» Task item
Return only the lines running from the first line of the listing through the one with "33) humanoid robot [1345,0,1396,85]", unchanged.

» Given data
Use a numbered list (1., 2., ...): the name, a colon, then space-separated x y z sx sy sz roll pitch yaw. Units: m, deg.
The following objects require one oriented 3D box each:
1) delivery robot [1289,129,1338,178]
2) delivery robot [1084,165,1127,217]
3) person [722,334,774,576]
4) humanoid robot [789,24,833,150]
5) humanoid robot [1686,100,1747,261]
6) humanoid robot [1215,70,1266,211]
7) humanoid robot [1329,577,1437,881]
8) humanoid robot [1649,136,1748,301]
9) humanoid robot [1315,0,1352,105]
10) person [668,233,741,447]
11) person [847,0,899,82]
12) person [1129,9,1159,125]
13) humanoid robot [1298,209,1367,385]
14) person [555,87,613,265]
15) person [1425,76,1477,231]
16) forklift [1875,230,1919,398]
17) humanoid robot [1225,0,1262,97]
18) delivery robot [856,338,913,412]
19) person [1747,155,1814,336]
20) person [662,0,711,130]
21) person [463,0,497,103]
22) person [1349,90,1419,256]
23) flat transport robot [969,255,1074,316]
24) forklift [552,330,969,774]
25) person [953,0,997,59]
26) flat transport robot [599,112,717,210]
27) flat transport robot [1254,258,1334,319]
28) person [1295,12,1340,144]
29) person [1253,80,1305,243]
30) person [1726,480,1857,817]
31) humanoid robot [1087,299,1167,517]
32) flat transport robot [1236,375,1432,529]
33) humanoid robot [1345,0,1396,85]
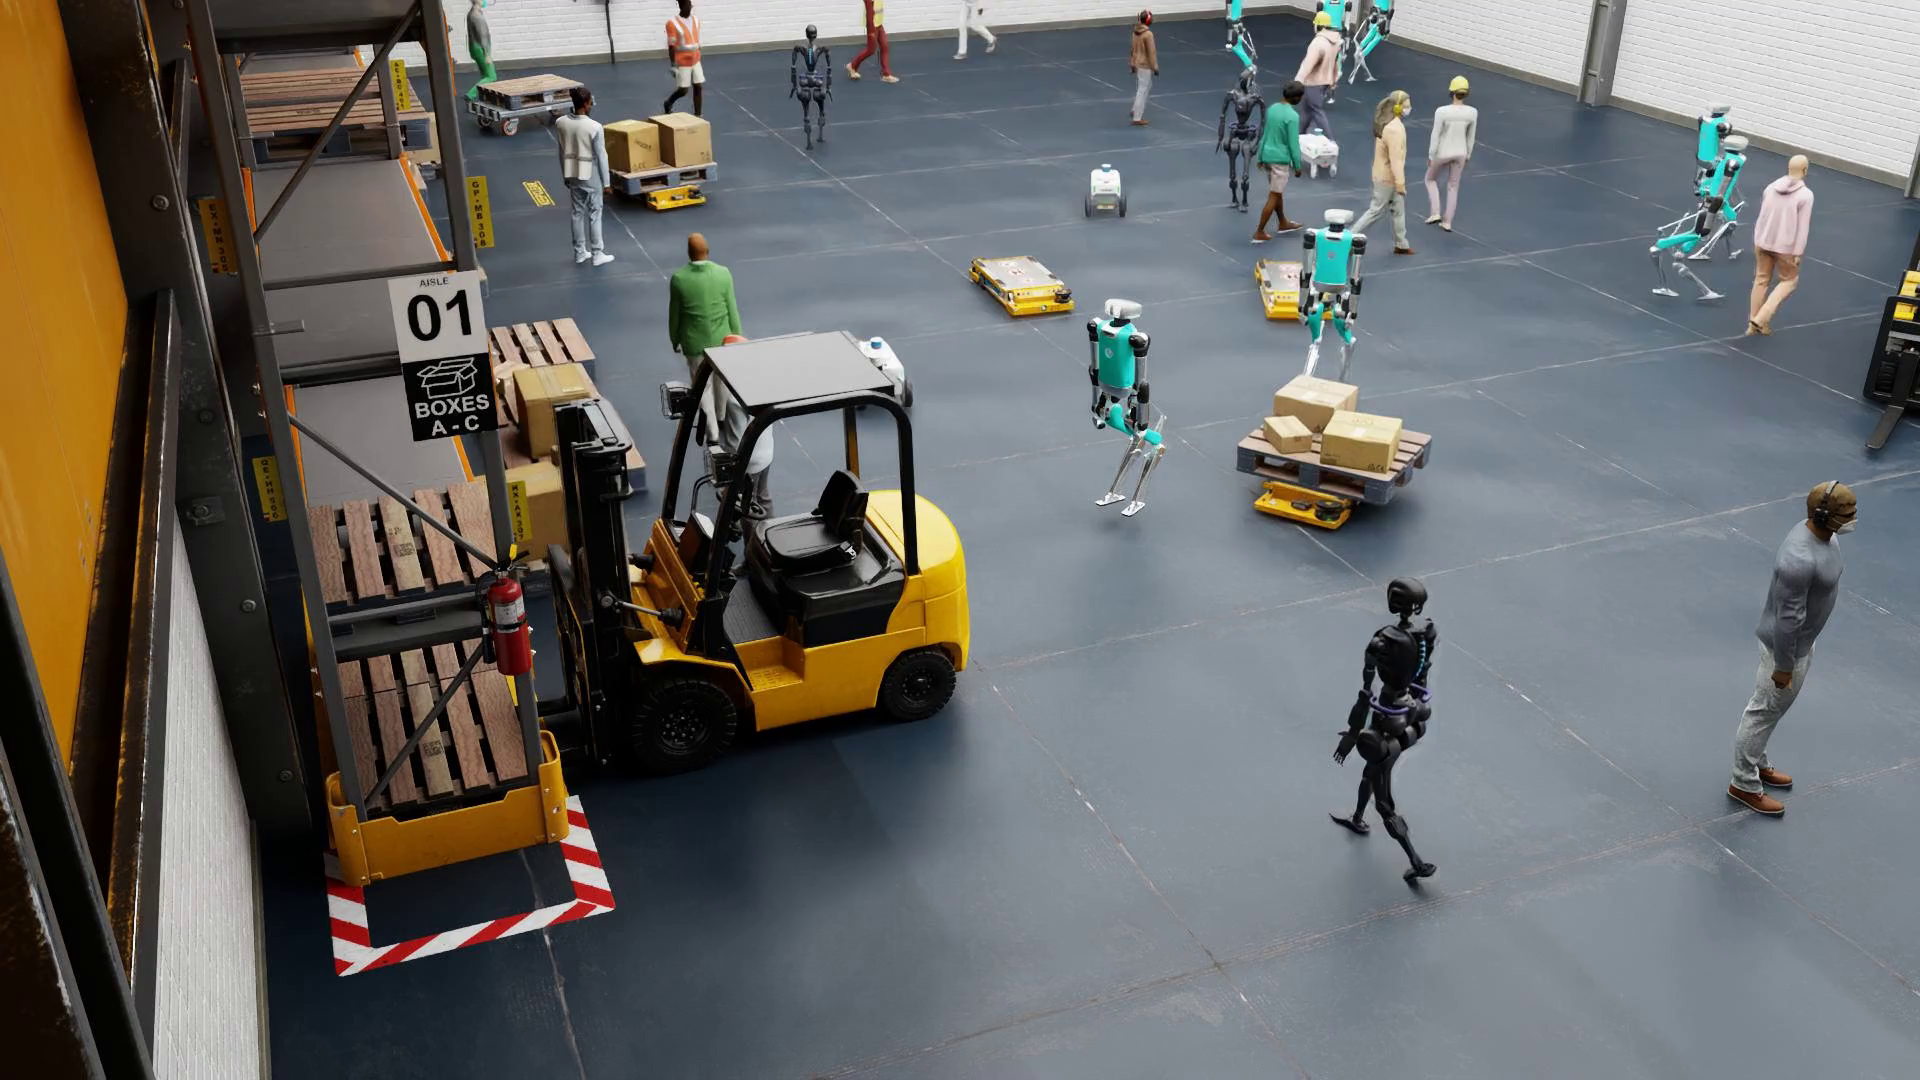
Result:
1. delivery robot: 4.661 -5.071 21.744 0.499 0.585 0.765 -5 27 -10
2. delivery robot: 1.755 -4.229 20.071 0.499 0.585 0.775 1 27 3
3. person: -1.480 -0.586 11.514 0.352 1.740 0.571 7 28 14
4. humanoid robot: -2.051 -6.198 22.757 0.601 1.656 0.339 0 27 1
5. humanoid robot: 8.337 -3.823 18.054 0.813 1.875 0.550 -3 27 -5
6. humanoid robot: 3.360 -4.793 19.951 0.612 1.641 0.392 12 29 23
7. humanoid robot: 2.262 0.959 8.576 0.594 1.654 0.747 -20 33 -34
8. humanoid robot: 7.338 -3.203 16.730 0.913 1.748 0.530 10 29 20
9. humanoid robot: 5.588 -7.359 24.974 0.541 1.719 0.990 3 27 6
10. person: -2.104 -1.670 13.650 0.557 1.750 0.793 -8 28 -15
11. person: -1.422 -8.274 26.807 0.813 1.743 0.478 9 28 17
12. person: 2.670 -6.815 24.017 0.404 1.640 0.464 -10 28 -19
13. humanoid robot: 3.254 -2.068 14.541 0.530 1.815 0.806 10 28 19
14. person: -4.043 -3.911 17.948 0.601 1.906 0.414 11 29 21
15. person: 5.642 -4.452 19.186 0.553 1.750 0.431 -4 27 -8
16. forklift: 9.029 -2.397 14.618 1.214 2.155 2.313 18 32 32
17. humanoid robot: 4.451 -7.689 25.764 0.805 1.887 0.543 14 30 25
18. delivery robot: -0.720 -1.463 14.593 0.499 0.608 0.790 -7 28 -13
19. person: 7.786 -2.782 15.852 0.447 1.764 0.540 -19 32 -32
20. person: -3.948 -6.862 23.773 0.757 1.942 0.600 21 34 36
21. person: -7.148 -7.238 24.655 0.559 1.828 0.517 -15 30 -27
22. person: 4.665 -3.988 18.202 0.931 1.844 0.564 3 27 6
23. flat transport robot: 0.624 -2.656 17.270 0.659 0.231 1.431 -8 28 -16
24. forklift: -1.094 0.010 9.831 2.313 2.155 1.214 -10 28 -20
25. person: 0.242 -9.250 28.623 0.793 1.859 0.584 -20 33 -35
26. flat transport robot: -3.784 -4.388 20.715 0.659 0.231 1.431 -17 31 -31
27. flat transport robot: 3.433 -2.591 17.142 0.659 0.231 1.431 2 27 3
28. person: 4.853 -6.258 22.682 0.833 1.832 0.808 17 31 29
29. person: 3.668 -4.286 18.797 0.794 1.811 0.559 -11 29 -21
30. person: 4.510 0.564 9.009 0.373 1.940 0.629 17 31 30
31. humanoid robot: 1.297 -1.013 12.218 0.735 1.677 0.533 -23 35 -38
32. flat transport robot: 2.892 -0.482 12.946 0.659 0.231 1.431 16 31 29
33. humanoid robot: 6.497 -8.172 26.668 0.878 1.827 0.546 -12 29 -22

» Output of the task
Use a numbered list (1., 2., ...): the name, a colon, then space-separated x y z sx sy sz roll pitch yaw. Units: m, deg.
The following objects require one oriented 3D box each:
1) delivery robot [1289,129,1338,178]
2) delivery robot [1084,165,1127,217]
3) person [722,334,774,576]
4) humanoid robot [789,24,833,150]
5) humanoid robot [1686,100,1747,261]
6) humanoid robot [1215,70,1266,211]
7) humanoid robot [1329,577,1437,881]
8) humanoid robot [1649,136,1748,301]
9) humanoid robot [1315,0,1352,105]
10) person [668,233,741,447]
11) person [847,0,899,82]
12) person [1129,9,1159,125]
13) humanoid robot [1298,209,1367,385]
14) person [555,87,613,265]
15) person [1425,76,1477,231]
16) forklift [1875,230,1919,398]
17) humanoid robot [1225,0,1262,97]
18) delivery robot [856,338,913,412]
19) person [1747,155,1814,336]
20) person [662,0,711,130]
21) person [463,0,497,103]
22) person [1349,90,1419,256]
23) flat transport robot [969,255,1074,316]
24) forklift [552,330,969,774]
25) person [953,0,997,59]
26) flat transport robot [599,112,717,210]
27) flat transport robot [1254,258,1334,319]
28) person [1295,12,1340,144]
29) person [1253,80,1305,243]
30) person [1726,480,1857,817]
31) humanoid robot [1087,299,1167,517]
32) flat transport robot [1236,375,1432,529]
33) humanoid robot [1345,0,1396,85]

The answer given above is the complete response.